The associativity property of a vertex algebra follows from the fact that the commutator of $Y(u,z)$ and $Y(v,x)$ is annihilated by a finite power of $z-x$, i.e., one can expand it as a finite linear combination of derivatives of the formal delta function in $(z-x)$, with coefficients in $\mathrm{End}(V)$.

Reconstruction: Let $V$ be a vertex algebra, and let $J_a$ be a set of vectors, with corresponding fields $J^a(z)\in \mathrm{End}(V)z^{\pm 1}$. If $V$ is spanned by monomials in the positive weight coefficients of the fields (i.e., finite products of operators $J^{a}_{n}$ applied to $1$, where $n$ is negative), then we may write the operator product of such a monomial as a normally ordered product of divided power derivatives of fields (here, normal ordering means polar terms on the left are moved to the right). Specifically,

$Y(J^{a_1}_{n_1+1}J^{a_2}_{n_2+1}...J^{a_k}_{n_k+1}1, z) = :\frac{\partial^{n_1}}{\partial z^{n_1}}\frac{J^{a_1}(z)}{n_1!}\frac{\partial^{n_2}}{\partial z^{n_2}}\frac{J^{a_2}(z)}{n_2!} \cdots \frac{\partial^{n_k}}{\partial z^{n_k}}\frac{J^{a_k}(z)}{n_k!}:$

More generally, if one is given a vector space $V$ with an endomorphism $T$ and vector $1$, and one assigns to a set of vectors $J^a$ a set of fields $J^a(z)\in \mathrm{End}(V)z^{\pm 1}$ that are mutually local, whose positive weight coefficients generate $V$, and that satisfy the identity and translation conditions, then the previous formula describes a vertex algebra structure.

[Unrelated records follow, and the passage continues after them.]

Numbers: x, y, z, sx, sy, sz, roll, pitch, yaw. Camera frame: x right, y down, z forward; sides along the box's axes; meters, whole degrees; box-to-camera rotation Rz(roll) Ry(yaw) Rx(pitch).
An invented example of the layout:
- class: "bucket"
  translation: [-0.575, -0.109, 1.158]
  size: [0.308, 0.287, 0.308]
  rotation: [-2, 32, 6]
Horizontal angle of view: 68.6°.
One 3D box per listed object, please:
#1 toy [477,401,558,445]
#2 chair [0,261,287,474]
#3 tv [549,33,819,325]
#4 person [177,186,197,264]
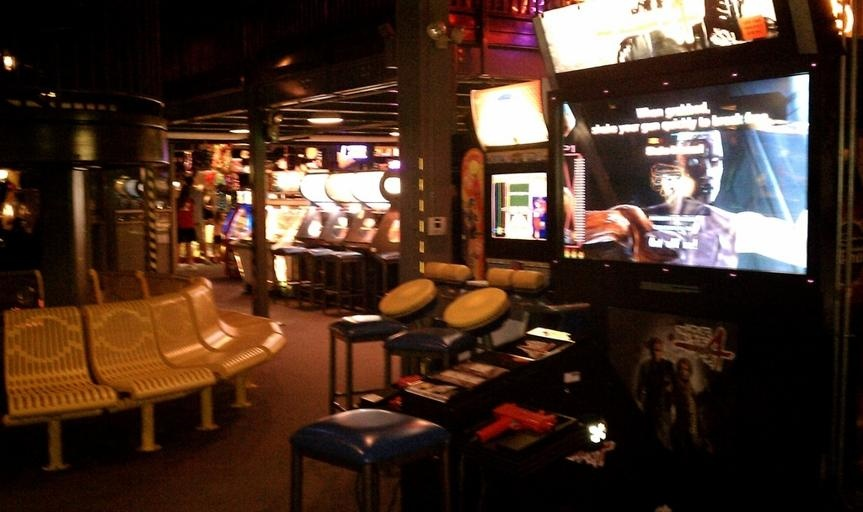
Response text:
- class: "toy"
  translation: [0.522, 1.062, 3.907]
  size: [0.379, 0.136, 0.323]
  rotation: [7, 15, 29]
- class: "chair"
  translation: [-2.892, 1.042, 6.200]
  size: [1.988, 1.429, 2.435]
  rotation: [4, 14, 18]
- class: "tv"
  translation: [1.917, -0.432, 4.514]
  size: [0.747, 1.556, 1.922]
  rotation: [-8, 10, -42]
- class: "person"
  translation: [-7.057, -0.851, 18.196]
  size: [0.570, 2.131, 1.310]
  rotation: [-7, 16, -20]
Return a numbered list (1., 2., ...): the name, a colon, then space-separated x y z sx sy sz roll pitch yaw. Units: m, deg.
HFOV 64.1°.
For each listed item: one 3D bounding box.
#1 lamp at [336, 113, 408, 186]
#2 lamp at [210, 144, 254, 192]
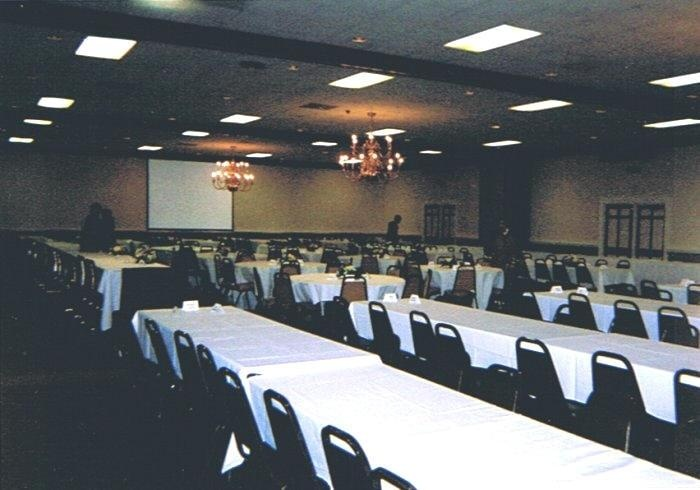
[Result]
1. lamp: 0.569 -1.967 11.889 1.323 0.873 1.158 -4 7 -1
2. lamp: -3.611 -2.248 16.891 1.135 1.281 1.089 0 4 13
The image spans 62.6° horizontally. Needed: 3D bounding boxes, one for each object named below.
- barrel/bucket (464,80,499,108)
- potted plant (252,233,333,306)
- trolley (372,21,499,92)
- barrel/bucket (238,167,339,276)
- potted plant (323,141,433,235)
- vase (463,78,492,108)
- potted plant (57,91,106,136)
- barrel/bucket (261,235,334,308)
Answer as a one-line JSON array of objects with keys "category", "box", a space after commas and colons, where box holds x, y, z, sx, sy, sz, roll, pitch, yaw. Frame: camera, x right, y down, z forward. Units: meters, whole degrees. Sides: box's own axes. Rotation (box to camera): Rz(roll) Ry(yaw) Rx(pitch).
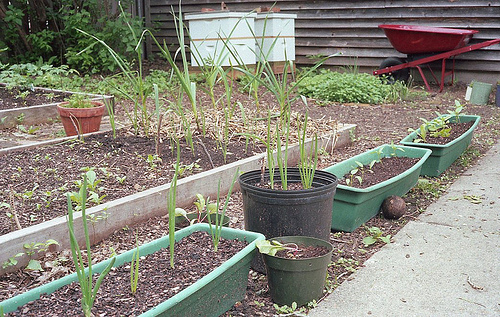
[{"category": "barrel/bucket", "box": [3.791, -1.083, 6.890, 0.429, 0.454, 0.437, 13, 12, -3]}, {"category": "potted plant", "box": [0.279, 0.744, 2.841, 0.471, 0.338, 0.461, -8, 11, -40]}, {"category": "trolley", "box": [3.510, -1.940, 7.344, 2.475, 1.223, 0.962, 10, 25, 39]}, {"category": "barrel/bucket", "box": [0.238, 0.437, 3.176, 0.775, 0.603, 0.676, -2, 9, -9]}, {"category": "potted plant", "box": [1.183, 0.251, 3.784, 0.578, 0.352, 1.276, 17, 33, 39]}, {"category": "vase", "box": [3.816, -1.087, 6.799, 0.284, 0.312, 0.285, 5, 17, 0]}, {"category": "potted plant", "box": [-1.950, -0.494, 4.732, 0.564, 0.463, 0.482, 9, 20, 31]}, {"category": "barrel/bucket", "box": [0.289, 0.782, 2.812, 0.458, 0.341, 0.456, 1, 12, 0]}]
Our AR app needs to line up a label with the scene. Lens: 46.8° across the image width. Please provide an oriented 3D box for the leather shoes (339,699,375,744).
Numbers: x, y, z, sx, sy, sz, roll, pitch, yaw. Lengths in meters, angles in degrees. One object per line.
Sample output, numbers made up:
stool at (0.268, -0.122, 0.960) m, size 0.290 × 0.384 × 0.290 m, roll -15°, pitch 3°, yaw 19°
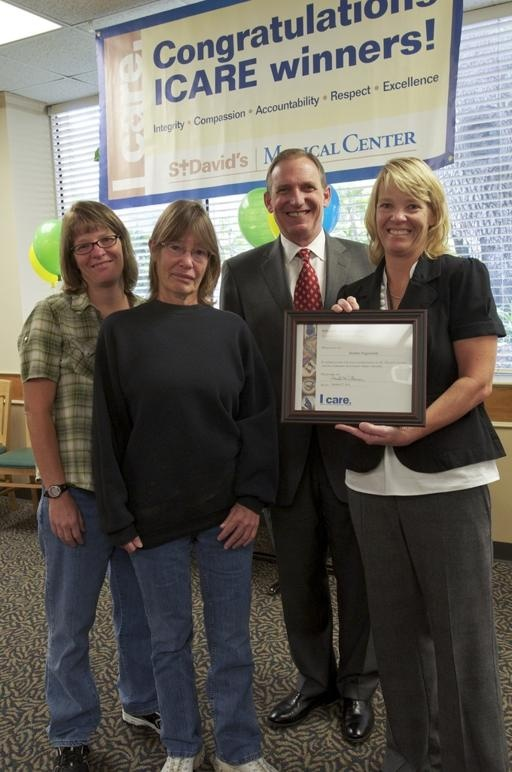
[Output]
leather shoes at (0.307, 1.025, 1.804) m, size 0.055 × 0.060 × 0.152 m, roll -3°, pitch -5°, yaw 8°

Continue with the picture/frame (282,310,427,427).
picture/frame at (0.230, -0.036, 1.317) m, size 0.265 × 0.223 × 0.021 m, roll 1°, pitch -2°, yaw 21°

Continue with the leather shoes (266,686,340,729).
leather shoes at (0.154, 1.024, 1.946) m, size 0.245 × 0.103 × 0.081 m, roll -5°, pitch 5°, yaw -38°

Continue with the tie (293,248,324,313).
tie at (0.155, -0.324, 1.778) m, size 0.087 × 0.173 × 0.164 m, roll -1°, pitch 16°, yaw 5°

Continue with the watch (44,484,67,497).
watch at (-0.526, 0.276, 1.554) m, size 0.053 × 0.033 × 0.048 m, roll -5°, pitch -12°, yaw -30°
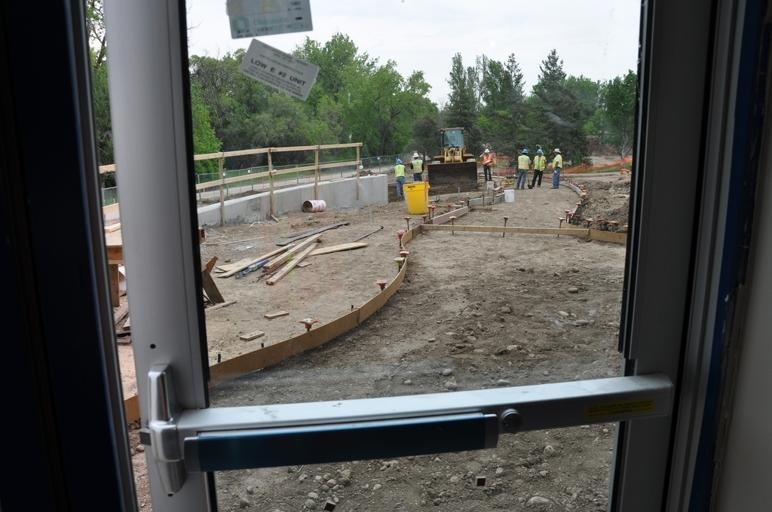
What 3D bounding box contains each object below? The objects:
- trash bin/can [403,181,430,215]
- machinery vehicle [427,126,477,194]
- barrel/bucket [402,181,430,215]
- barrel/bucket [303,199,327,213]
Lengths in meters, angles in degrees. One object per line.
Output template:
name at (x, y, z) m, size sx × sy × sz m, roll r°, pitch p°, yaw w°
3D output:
trash bin/can at (0.542, -0.981, 9.885) m, size 0.508 × 0.523 × 0.494 m, roll -5°, pitch 2°, yaw 12°
machinery vehicle at (1.515, -2.230, 12.877) m, size 0.892 × 0.891 × 1.608 m, roll -2°, pitch 2°, yaw 12°
barrel/bucket at (0.569, -0.986, 9.846) m, size 0.517 × 0.497 × 0.494 m, roll -2°, pitch 3°, yaw 0°
barrel/bucket at (-0.818, -0.583, 6.745) m, size 0.130 × 0.130 × 0.211 m, roll 21°, pitch 13°, yaw 25°
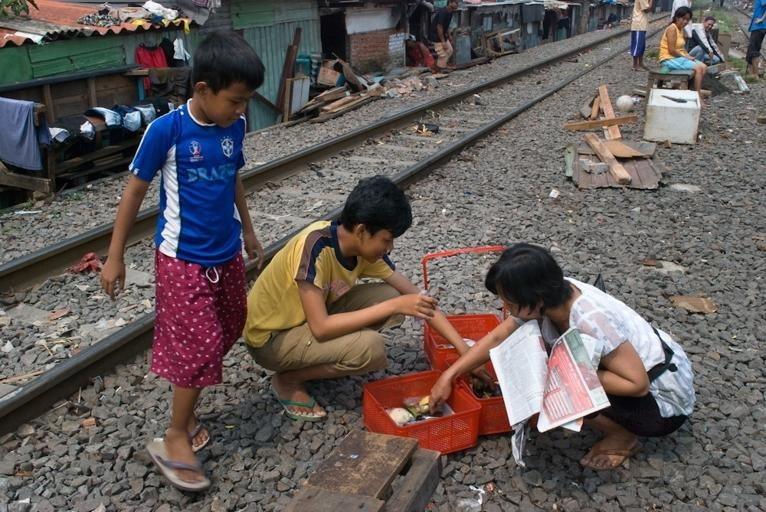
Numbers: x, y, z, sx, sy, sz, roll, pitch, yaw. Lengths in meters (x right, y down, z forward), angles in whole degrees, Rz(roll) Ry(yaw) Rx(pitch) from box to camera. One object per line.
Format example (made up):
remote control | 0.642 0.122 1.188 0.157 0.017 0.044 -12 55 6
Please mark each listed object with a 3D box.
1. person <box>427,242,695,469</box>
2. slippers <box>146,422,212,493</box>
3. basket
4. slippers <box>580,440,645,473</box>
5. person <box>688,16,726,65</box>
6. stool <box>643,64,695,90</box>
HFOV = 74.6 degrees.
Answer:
person | 1.022 0.308 3.356 1.553 1.494 0.963 -17 26 10
slippers | -1.145 1.172 2.836 0.458 0.127 0.216 29 42 27
basket | 0.365 0.752 3.417 1.144 0.734 1.184 -1 35 6
slippers | 1.319 1.180 3.028 0.412 0.184 0.141 -5 56 -4
person | 8.444 -5.694 13.154 0.665 1.006 0.839 -31 42 -13
stool | 6.261 -3.889 10.947 0.818 0.790 0.828 11 30 27
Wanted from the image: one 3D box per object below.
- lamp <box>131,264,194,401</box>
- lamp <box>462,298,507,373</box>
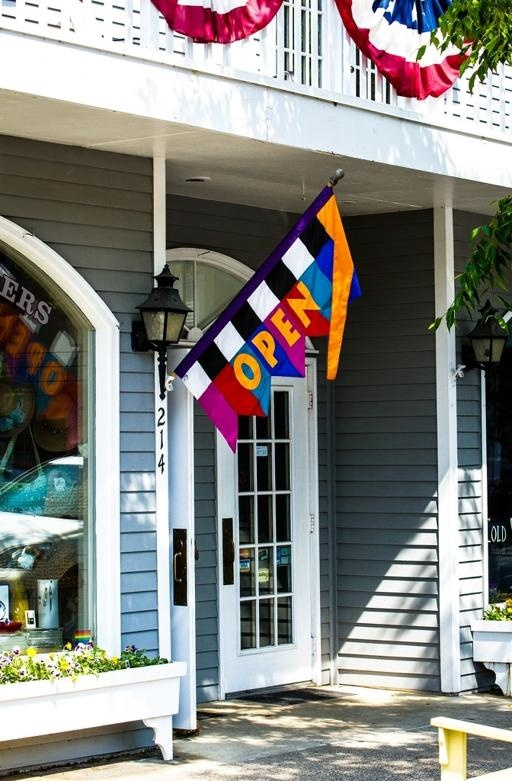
[{"bbox_3d":[-0.472,-0.298,6.053,0.267,0.674,0.288,3,-4,-37],"label":"lamp"},{"bbox_3d":[1.427,-0.336,7.638,0.240,0.627,0.277,-11,-18,43],"label":"lamp"}]
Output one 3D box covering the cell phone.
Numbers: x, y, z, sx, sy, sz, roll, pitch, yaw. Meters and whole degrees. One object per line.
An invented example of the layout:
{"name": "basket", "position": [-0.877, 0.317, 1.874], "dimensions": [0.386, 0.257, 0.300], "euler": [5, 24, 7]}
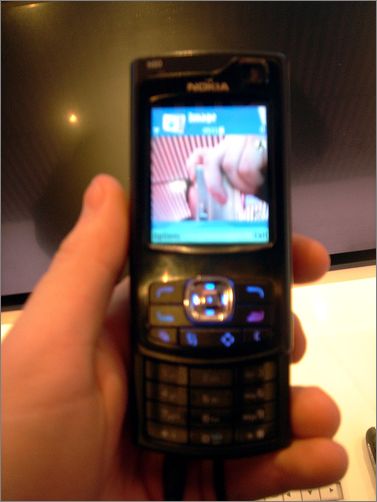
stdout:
{"name": "cell phone", "position": [0.020, 0.005, 0.454], "dimensions": [0.114, 0.413, 0.054], "euler": [1, 24, 3]}
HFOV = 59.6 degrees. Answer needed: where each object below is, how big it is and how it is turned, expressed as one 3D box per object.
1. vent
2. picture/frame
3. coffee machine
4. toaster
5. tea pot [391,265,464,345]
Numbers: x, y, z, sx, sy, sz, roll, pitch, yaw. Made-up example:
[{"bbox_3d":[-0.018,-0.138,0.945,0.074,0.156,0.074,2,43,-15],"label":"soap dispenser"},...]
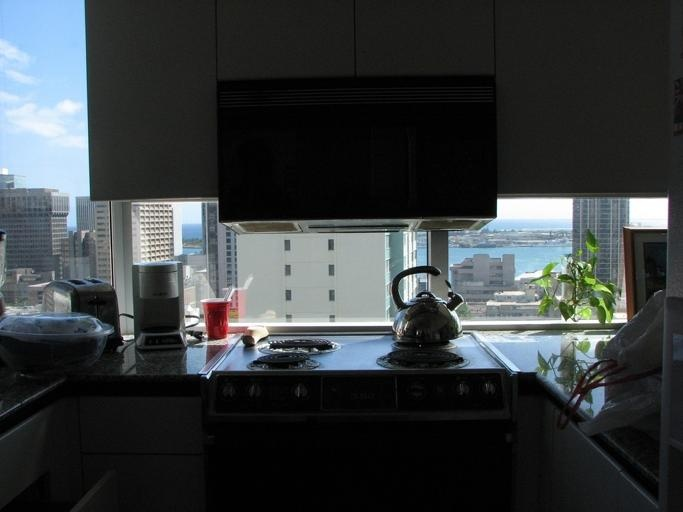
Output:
[{"bbox_3d":[0.066,-0.463,2.586,1.212,0.650,0.089,-3,3,1],"label":"vent"},{"bbox_3d":[1.469,0.029,2.893,0.251,0.547,0.108,5,6,18],"label":"picture/frame"},{"bbox_3d":[-0.858,0.222,2.826,0.242,0.394,0.278,-4,4,-20],"label":"coffee machine"},{"bbox_3d":[-1.191,0.169,2.798,0.279,0.455,0.490,2,3,-38],"label":"toaster"},{"bbox_3d":[0.365,0.209,2.722,0.277,0.345,0.343,0,-1,-1],"label":"tea pot"}]
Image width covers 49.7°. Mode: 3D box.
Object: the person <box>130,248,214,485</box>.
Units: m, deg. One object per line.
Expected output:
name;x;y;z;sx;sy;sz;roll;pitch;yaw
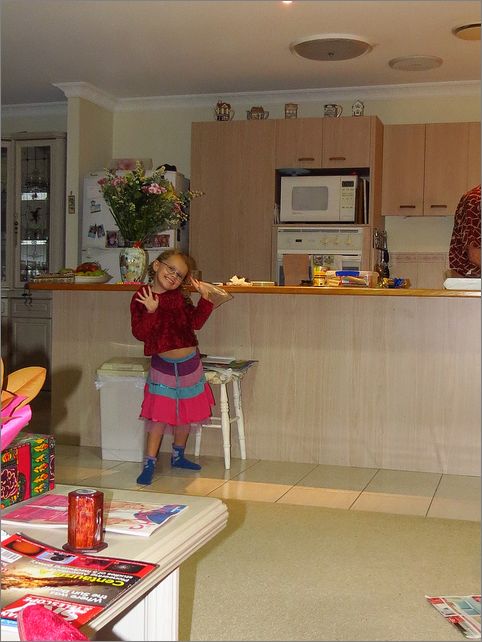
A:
person;-0.362;0.230;2.723;0.441;0.902;0.318;2;-1;-17

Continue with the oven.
oven;0.820;-0.433;5.204;1.034;0.931;0.597;1;1;13

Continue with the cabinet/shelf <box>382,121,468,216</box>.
cabinet/shelf;1.898;-1.513;5.107;0.473;0.857;0.876;-24;27;-40

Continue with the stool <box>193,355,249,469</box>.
stool;-0.075;0.522;2.921;0.356;0.395;0.307;-3;-5;-44

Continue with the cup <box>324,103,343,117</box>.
cup;0.881;-2.036;5.033;0.190;0.163;0.148;2;13;8

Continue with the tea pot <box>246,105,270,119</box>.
tea pot;0.164;-2.063;5.192;0.168;0.106;0.168;0;16;0

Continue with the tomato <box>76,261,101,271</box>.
tomato;-1.009;-0.377;3.493;0.138;0.072;0.132;-1;0;12
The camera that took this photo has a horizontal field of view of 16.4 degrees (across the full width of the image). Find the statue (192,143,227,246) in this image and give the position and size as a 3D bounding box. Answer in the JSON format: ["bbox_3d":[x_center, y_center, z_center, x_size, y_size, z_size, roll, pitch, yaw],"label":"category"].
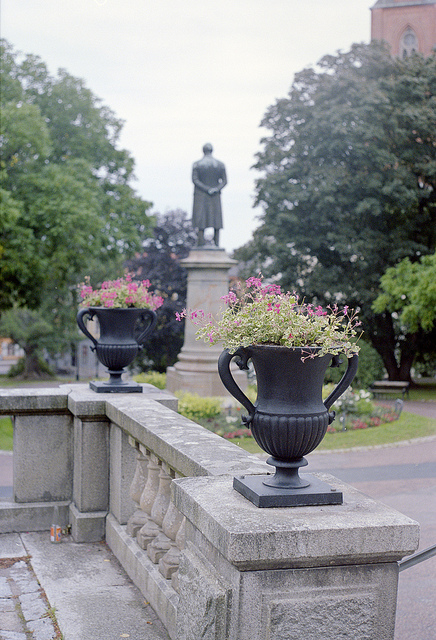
[{"bbox_3d":[-0.124,-1.949,22.795,0.480,1.584,0.451,-6,24,-17],"label":"statue"}]

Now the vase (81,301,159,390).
[{"bbox_3d":[-0.794,0.200,12.282,0.674,0.779,0.569,-7,-14,25],"label":"vase"}]
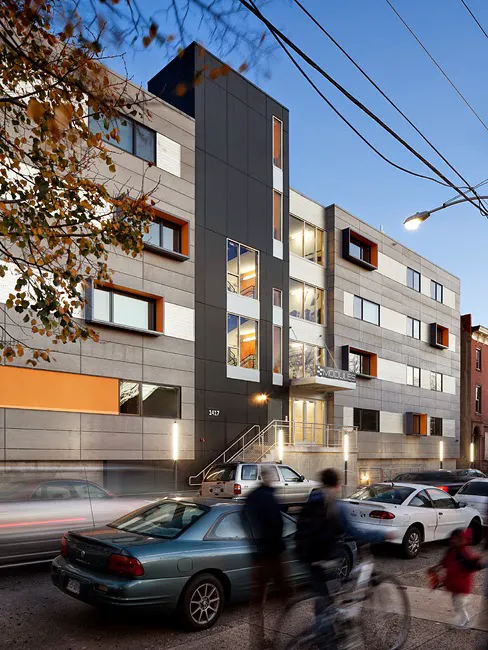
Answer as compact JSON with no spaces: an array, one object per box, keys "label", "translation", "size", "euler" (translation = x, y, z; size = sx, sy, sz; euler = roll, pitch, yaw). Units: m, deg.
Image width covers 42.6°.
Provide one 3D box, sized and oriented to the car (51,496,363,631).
[{"label":"car","translation":[-0.366,2.379,6.987],"size":[3.011,0.945,1.341],"euler":[2,-5,-41]}]

=== Operator product expansion ===
In vertex algebra theory, due to associativity, we can abuse notation to write, for $A, B, C \in V,$
$$Y(A, z)Y(B,w)C = \sum_{n \in \mathbb{Z}}\frac{Y(A_{(n)}\cdot B, w)}{(z-w)^{n+1}}C.$$
This is the operator product expansion. Equivalently,
$$Y(A, z)Y(B,w) = \sum_{n \geq 0}\frac{Y(A_{(n)}\cdot B, w)}{(z-w)^{n+1}} + :Y(A,z)Y(B,w):.$$
Since the normal ordered part is regular in $z$ and $w$, this can be written more in line with physics conventions as
$$Y(A, z)Y(B,w) \sim \sum_{n \geq 0}\frac{Y(A_{(n)}\cdot B, w)}{(z-w)^{n+1}},$$
where the equivalence relation $\sim$ denotes equivalence up to regular terms.

==== Commonly used OPEs ====
Here some OPEs frequently found in conformal field theory are recorded.

OPEs
| 1st distribution | 2nd distribution | Commutation relations | OPE | Name | Notes |
|---|---|---|---|---|---|
| $a(z) = \sum a_m z^{-m-1}$ | $b(w) = \sum b_n z^{-n-1}$ | $[a_m, b_n] = c_{m+n}$ | $a(z)b(w) \sim \frac{\sum c_nw^{-n-1}}{z-w}$ | Generic OPE |  |
| $a(z) = \sum a_m z^{-m-1}$ | $b(w) = \sum b_n z^{-n-1}$ | $[a_m, b_n] = m \delta_{m+n,0}$ | $a(z)b(w) \sim \frac{1}{(z-w)^2}$ | Free boson OPE | Invariance under $z \leftrightarrow w$ shows 'bosonic' nature of this OPE. |
| $L(z) = \sum L_m z^{-m-2}$ | $a(w) = \sum a_n w^{-n-\Delta}$ | $[L_m, a_n] = ((\Delta - 1)m - n)a_{m+n}$ | $L(z)a(w) \sim \frac{\Delta a(w)}{(z-w)^2} + \frac{\partial a(w)}{z-w}$ | Primary field OPE | Primary fields are defined to be fields a(z) satisfying this OPE when multiplied with the Virasoro field. These are important as they are the fields which transform 'like tensors' under coordinate transformations of the worldsheet in string theory. |
| $L(z) = \sum L_m z^{-m-2}$ | $L(w) = \sum L_n z^{-n-2}$ | $[L_m, L_n] = (m-n)L_{m+n} + \frac{m^3 - m}{12}\delta_{m+n,0}c$ | $L(z)L(w) \sim \frac{c/2}{(z-w)^4} + \frac{2L(w)}{(z-w)^2} + \frac{\partial L(w)}{z-w}$ | TT OPE | In physics, the Virasoro field is often identified with the stress-energy tensor and labelled T(z) rather than L(z). |

== Examples from Lie algebras ==
The basic examples come from infinite-dimensional Lie algebras.
=== Heisenberg vertex operator algebra ===
A basic example of a noncommutative vertex algebra is the rank 1 free boson, also called the Heisenberg vertex operator algebra. It is "generated" by a single vector b, in the sense that by applying the coefficients of the field b(z) := Y(b,z) to the vector 1, we obtain a spanning set. The underlying vector space is the infinite-variable polynomial ring $\mathbb{C}[b_{-1}, b_{-2}, \cdots]$, where for positive $n$, $b_{-n}$ acts obviously by multiplication, and $b_n$ acts as $n\partial_{b_{-n}}$. The action of b_{0} is multiplication by zero, producing the "momentum zero" Fock representation V_{0} of the Heisenberg Lie algebra (generated by b_{n} for integers n, with commutation relations [b_{n},b_{m}]=n δ_{n,–m}), induced by the trivial representation of the subalgebra spanned by b_{n}, n ≥ 0.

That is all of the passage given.